I’ve just come back from parts of the world where I had to be so careful in what I said and how I said it because ninety percent of the audience sitting in front of me was not sympathetic towards my belief. I was engaged in a critical analysis of my own worldview and then showed why it was tenable and coherent. So for the Christian today, and especially for our young, it is important to instruct them not only on how to defend what we believe but also how to do it with gentleness and respect. As Peter tells us in 1 Peter 3:15-16, to do that with gentleness and respect to always be able to give a reason for the hope that is within you. It is imperative upon us to do it justifiably and to do it respectfully.

What about people such as the new atheists who accuse Christians of being irrational and lacking critical thinking skills? After all, we believe in a Jesus who walked on water and was born of the Virgin Mary. That seems fairly irrational to the average skeptic.

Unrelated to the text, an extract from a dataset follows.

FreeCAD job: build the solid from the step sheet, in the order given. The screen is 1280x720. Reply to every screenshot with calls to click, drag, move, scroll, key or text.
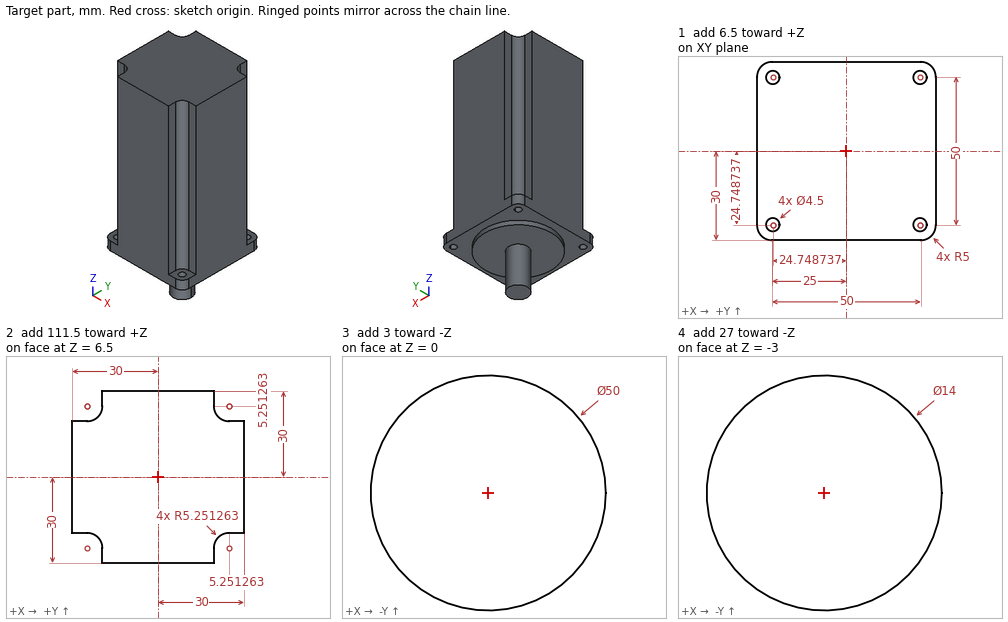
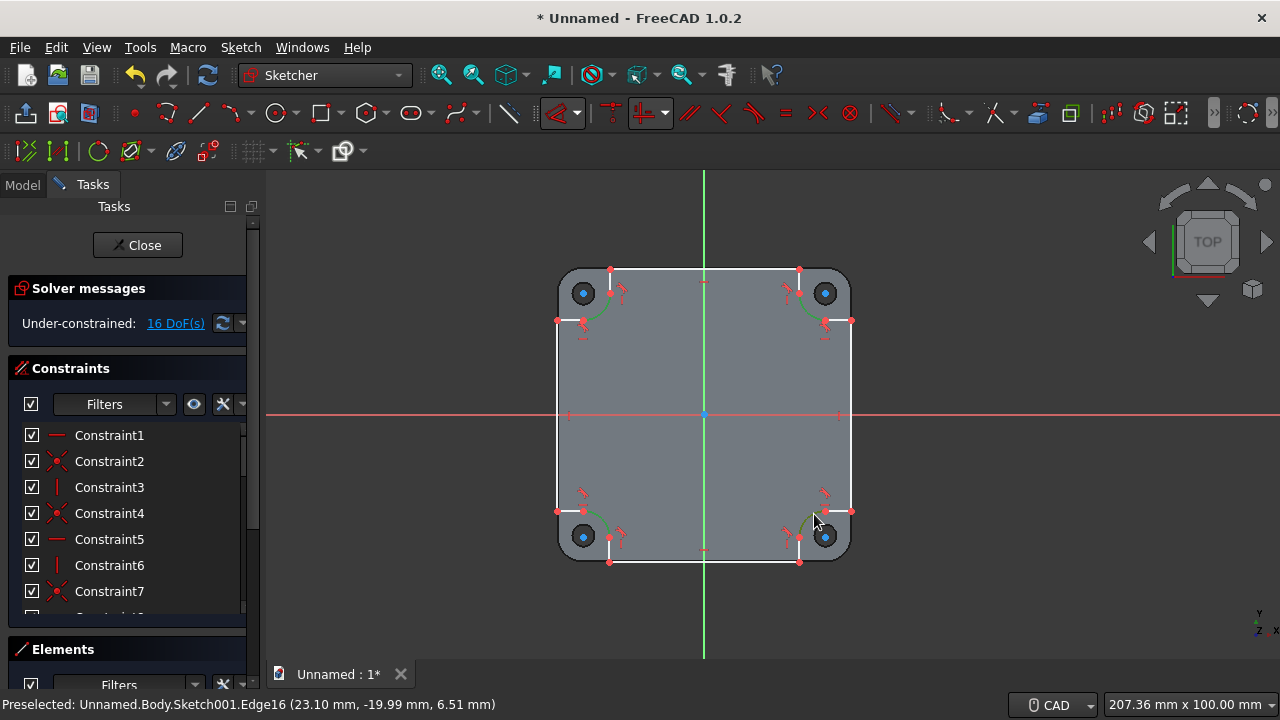
key(e)
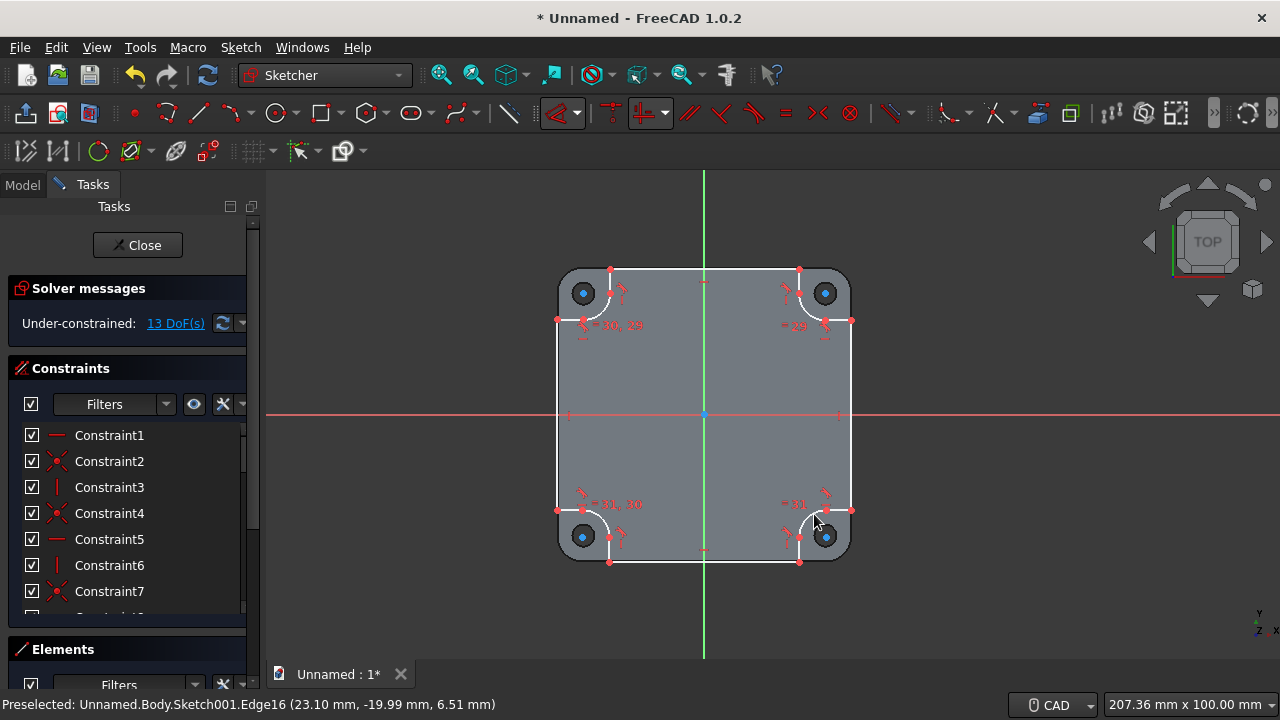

RZ: You know, I find the atheist very clever in what they do. For example, why do they discount miracles? According to David Hume, because the natural law functions routinely—so why do you look for miracles, an oddity in the midst of natural law? So they did away with the miraculous because they were going with what was normative and what was routine. But then when it came to ethics, they very cleverly switched the terms. If you started talking about an absolute, which was normative, they would interject an exception like, “What happens if you walk into your home and your family member is being assaulted? Are you telling me you will not fight or take a baseball bat or something?” Very fascinating. When it came to natural law in the realm of the sun and the planets, they did not allow for the exceptions. But when it came to ethics, it was the exception that debunked the absolute.

So what do those two reactions have in common? They both want to get rid of God—because if you bring in the miraculous in natural law, you have to accommodate the presence of God. If you take the normative and the absolute in ethics, you have to invoke upon the very person of God. So it is more the atheist that is anti-reason and anti-rational, but the accusation that is made against the Christian is leveraged to their advantage now.

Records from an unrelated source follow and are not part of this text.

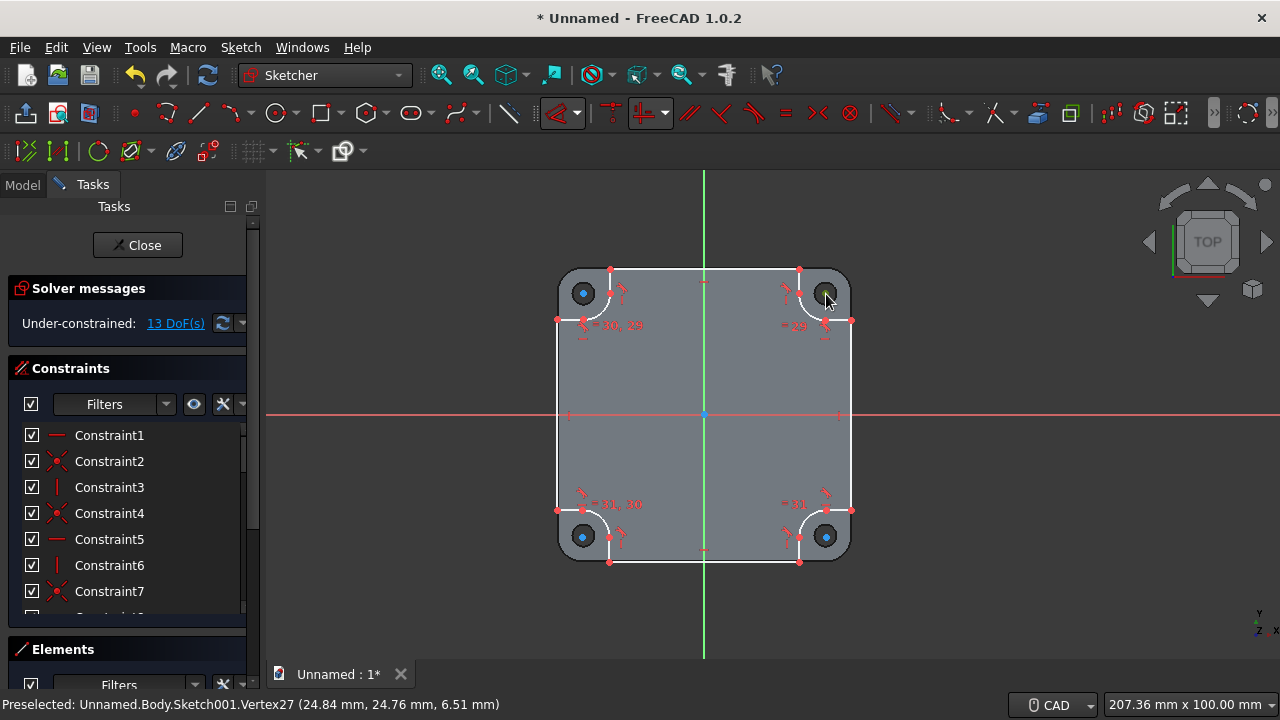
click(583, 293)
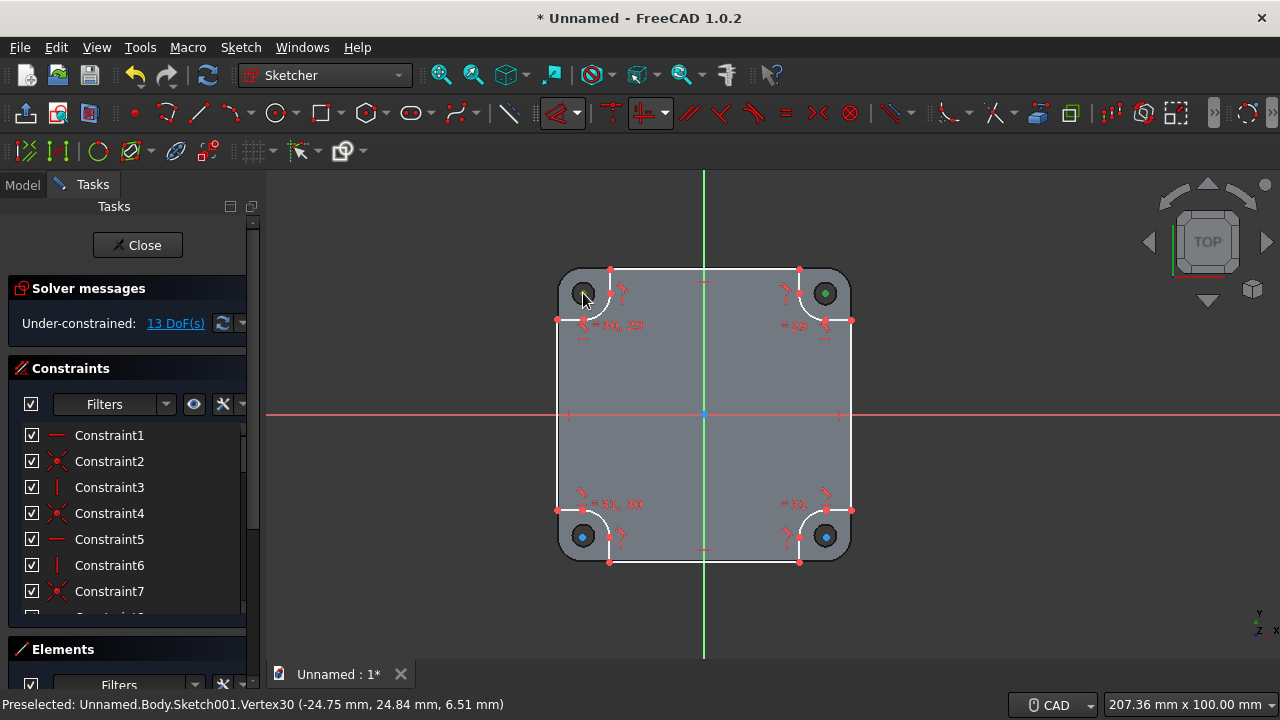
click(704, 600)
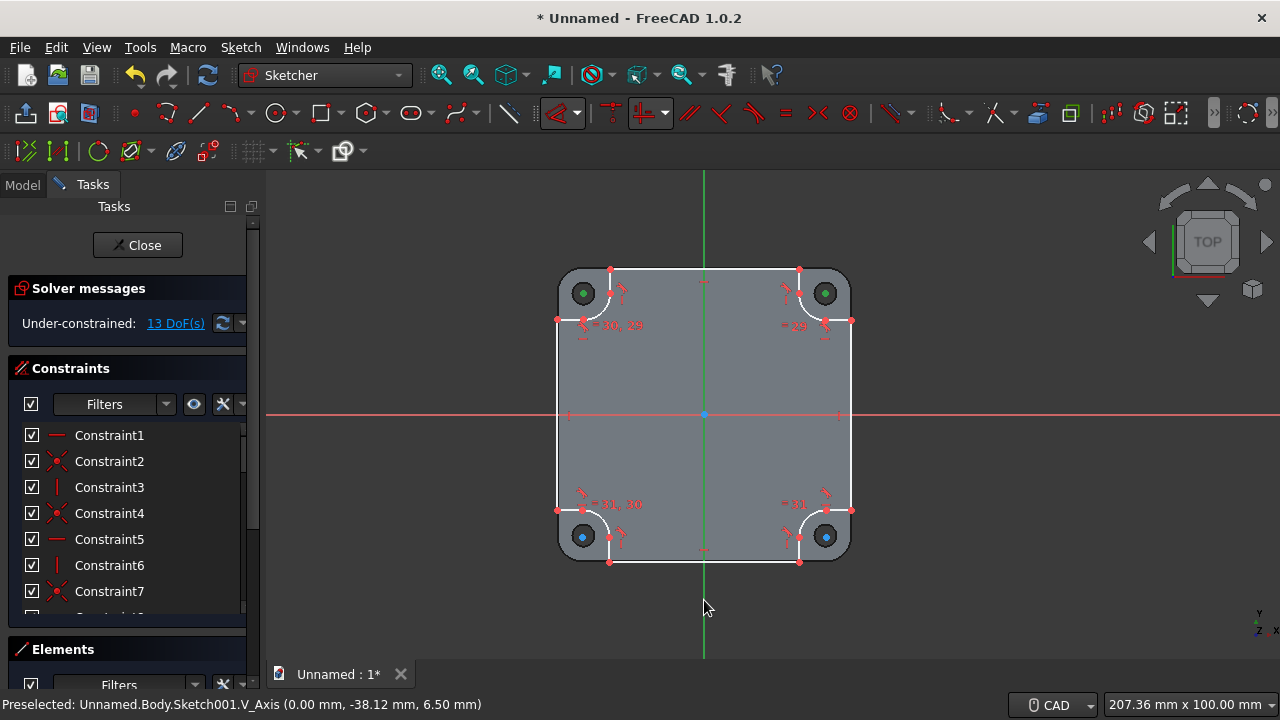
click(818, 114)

But what about the origin of the universe? Is it repeatable? No.They themselves say this could never happen again. What about the contingencies that it took? Thirty some contingencies the exactitude demanded. The very fact that you and I are here is the process of what even atheists would sometimes say is so awesome that it is tantamount to being something like a miracle. Some of the scientists have used that very word. So what I say to them is, you have already accepted that which is not repeatable. You have already accepted that which is so rare. You have already accepted the fact that when you come to a singularity, you are actually seeing the laws of physics do not apply to all of those origins. Do we really think that the consummation of love between and a man and a woman and the birth of a child is just something that is explainable so naturalistically? Rather than seeing the miracle of birth and the wonder of it, we think just by describing it that we have debunked the notion of the miracle.

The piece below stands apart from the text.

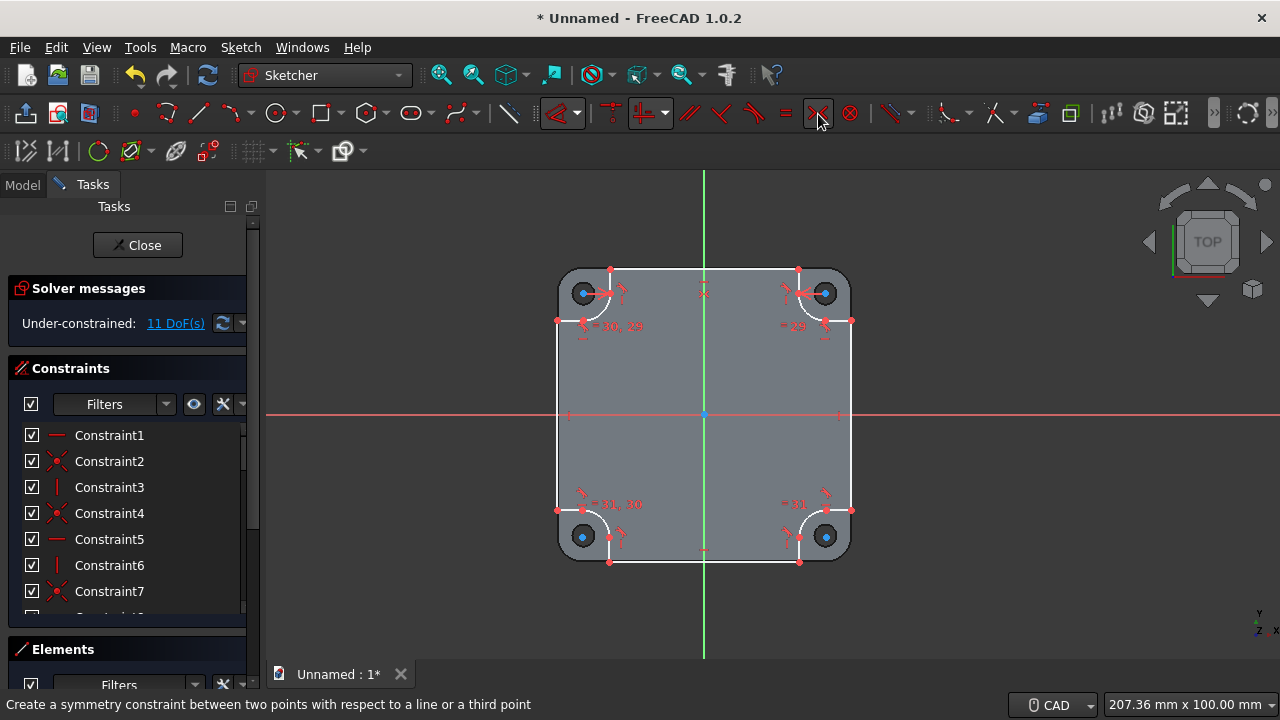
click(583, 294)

So when we talk about walking on water and the miraculous, we are talking about a theistic framework. When you are able to defend the existence of God, you also talk about the intervention of God in history and the intervention of God in the process of a natural law. To me, the very fact of natural law is a miraculous expression of God to sustain life. You remember when we had the two astronauts visiting us here at the office. They talked about looking through the windows of space as they were orbiting the earth and seeing something so unique about this planet and its particularity. I think we live with the miraculous every day.

Now the atheist is unfortunately partially correct when he or she attacks the Christian faith and we make no proper defense of it. So I think the defense of the existence of God, the defense of the very person of Jesus Christ, and the defense of the miraculous can be done and ought to be done.